On account of this judgment, the amendments were made in the Act from time to time so as to provide that the cost of acquisition in relation to certain assets will be deemed to be Nil. Despite of various items being added in the list of such Nil cost assets, many items had still been left out of the purview of section 55 and the Courts

have continue to hold that no capital gain arises in the cases of transfer of such assets.

In the case of PNB Finance Ltd. v. CIT (2008) 307 ITR 75 (SC), it has been held that the cost of acquisition in relation to the compensation for nationalization of bank is not possible to be determined and therefore no capital gain arise. Similarly the Bombay High Court in the case of CIT v. Sambhaji Nagar Co. Op. Hsg. Soc. Ltd. (2015) 370 ITR 325 (Bom) has held that TDR attached to land owned by co-op. housing society does not have any cost of acquisition and therefore there is no capital gains arising on transfer of such TDR.
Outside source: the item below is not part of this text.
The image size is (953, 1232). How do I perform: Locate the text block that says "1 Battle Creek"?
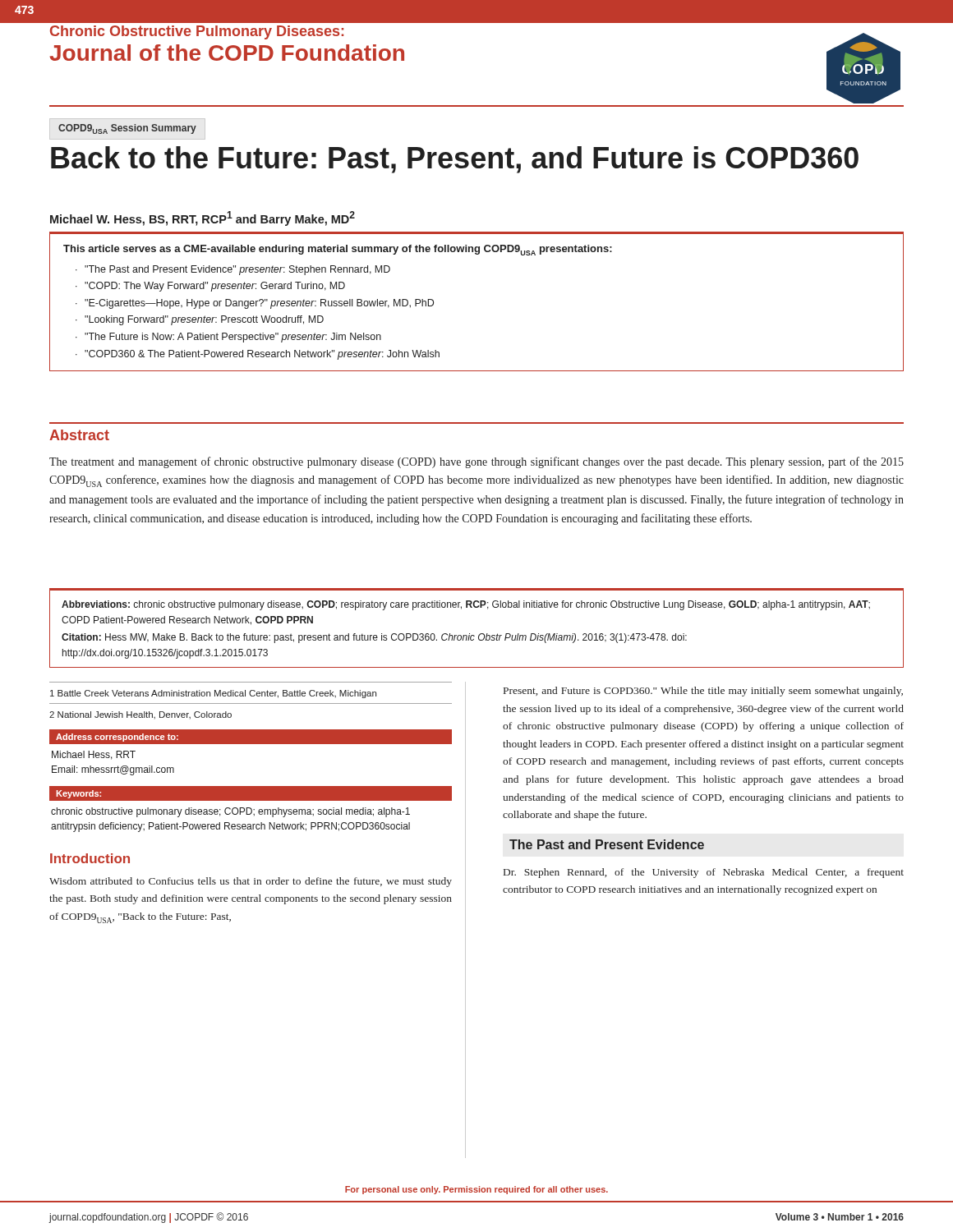click(213, 693)
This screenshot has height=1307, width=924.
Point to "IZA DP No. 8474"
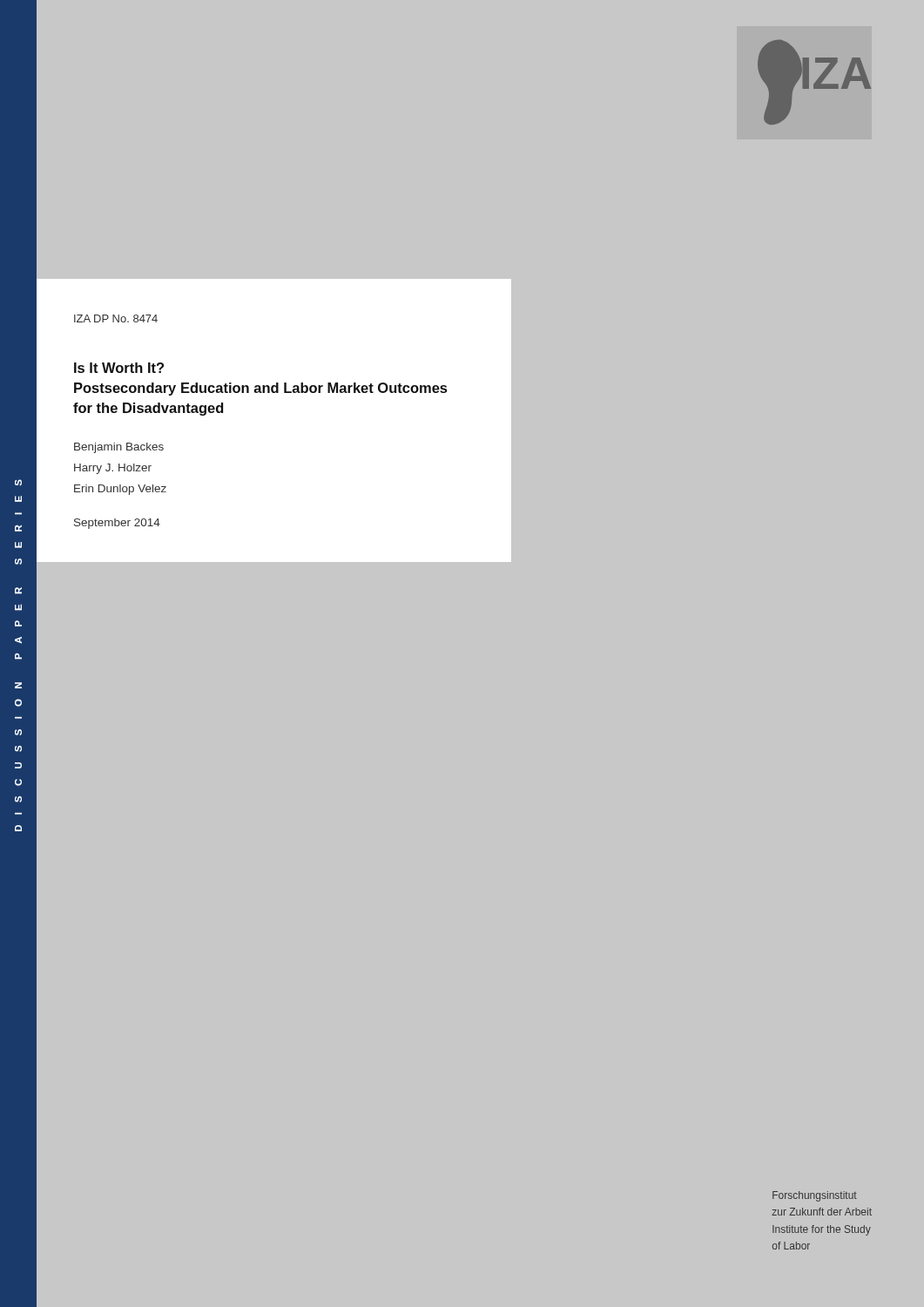[116, 319]

There are many such other judgments and decisions of the Tribunal where the assessee has been able to successfully argue that no capital gains arise on account of there being no cost of acquisition in relation to different capital assets. With this amendment, this argument of the assessee will no more be relevant and in the cases of transfer of intangible asset of any type or any other similar rights, the cost of acquisition will be treated as Nil and capital gains will accordingly be computed.
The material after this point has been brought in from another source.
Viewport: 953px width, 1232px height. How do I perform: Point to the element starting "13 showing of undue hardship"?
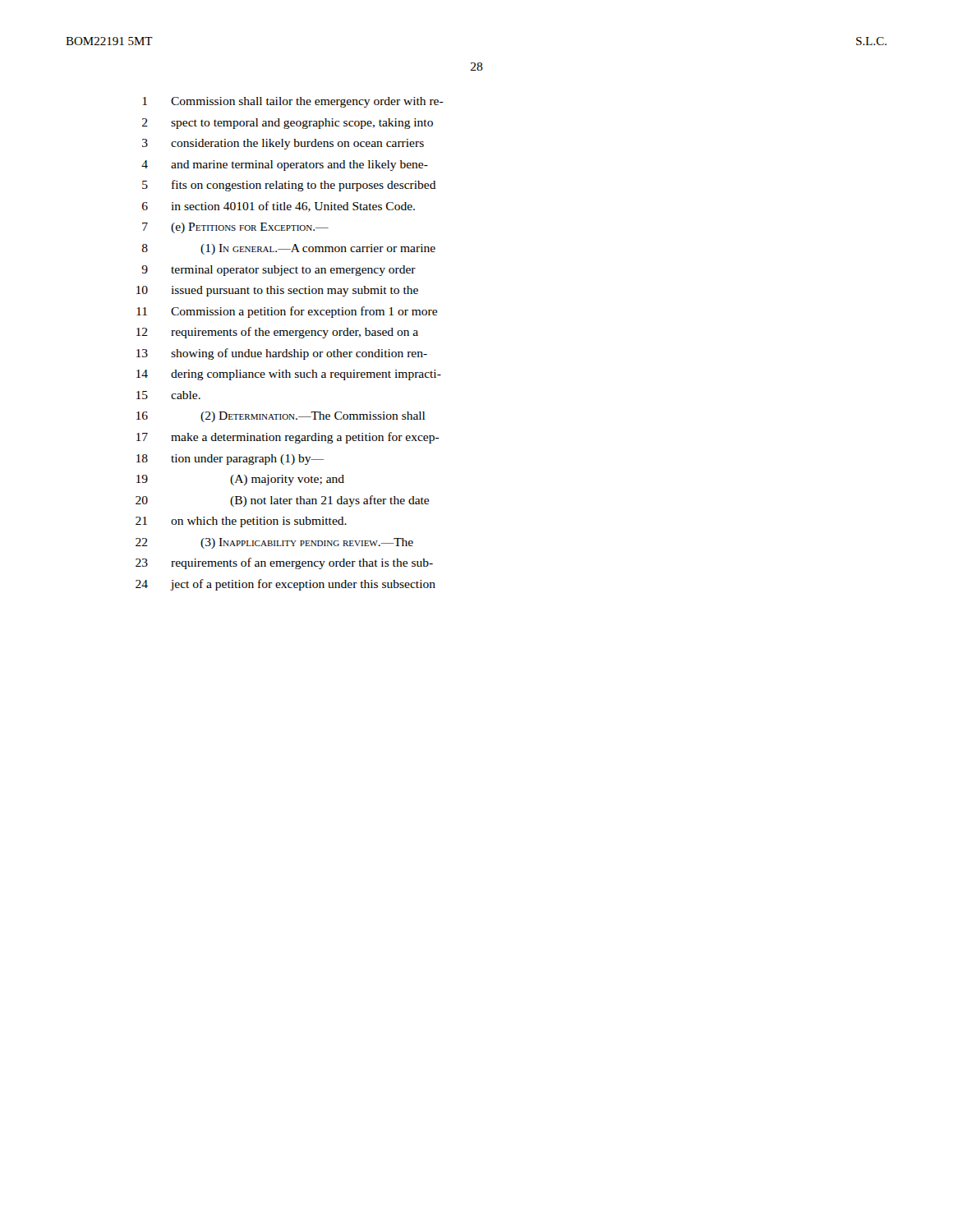coord(282,354)

Amendment in section 45(5A) in line with section 194-IC

Existing provisions

Under the existing provisions of section 45(5A) of the Act, capital gain arising to an individual or HUF from transfer of a land or building or both under a Joint Development Agreement is chargeable to income tax as income of the previous year in which the Certificate of Completion for the whole or part of the project is issued by the competent authority. The sub- section (5A) also provides that the full value of consideration for the purpose of section 48 shall mean the stamp duty value of his share in the constructed area as increased by consideration received in cash, if any, in respect of the specified agreement.

Proposed amendment

Clause – 20 of the Finance Bill seeks to amend the sub-section (5A) of section 45 so as to provide that the full value of consideration for the purpose of section 48 shall mean the stamp duty value of his share in the constructed area as increased by consideration received in cash or by a cheque or draft or by any other mode, in respect of the specified agreement.

Effective Date

The amendment is sought to be made with effect from assessment year 2024-25

Purpose

According to the Memorandum explaining the provisions, the taxpayers are inferring the provisions to mean that any amount of consideration received in a mode other than cash i.e. cheque or electronic payment modes would not be included in the consideration for the purpose of computing capital gains. This interpretation is not in accordance with the intention of law and the same is evident from the provisions of section 194-IC of the Act which provide for deduction of TDS in respect of the specified agreements. The amendment is proposed to align the provisions of section 194-IC with section 45(5A) of the Act.

Conclusion

I express my heartfelt gratitude to the All India Federation of Tax Practitioners to provide me this excellent opportunity to share some of my thoughts in this very important part of the amendments proposed by the Finance Bill 2023. This opportunity has made me go through the proposed amendments in greater detail and accordingly quenched my thirst for education in the best possible manner.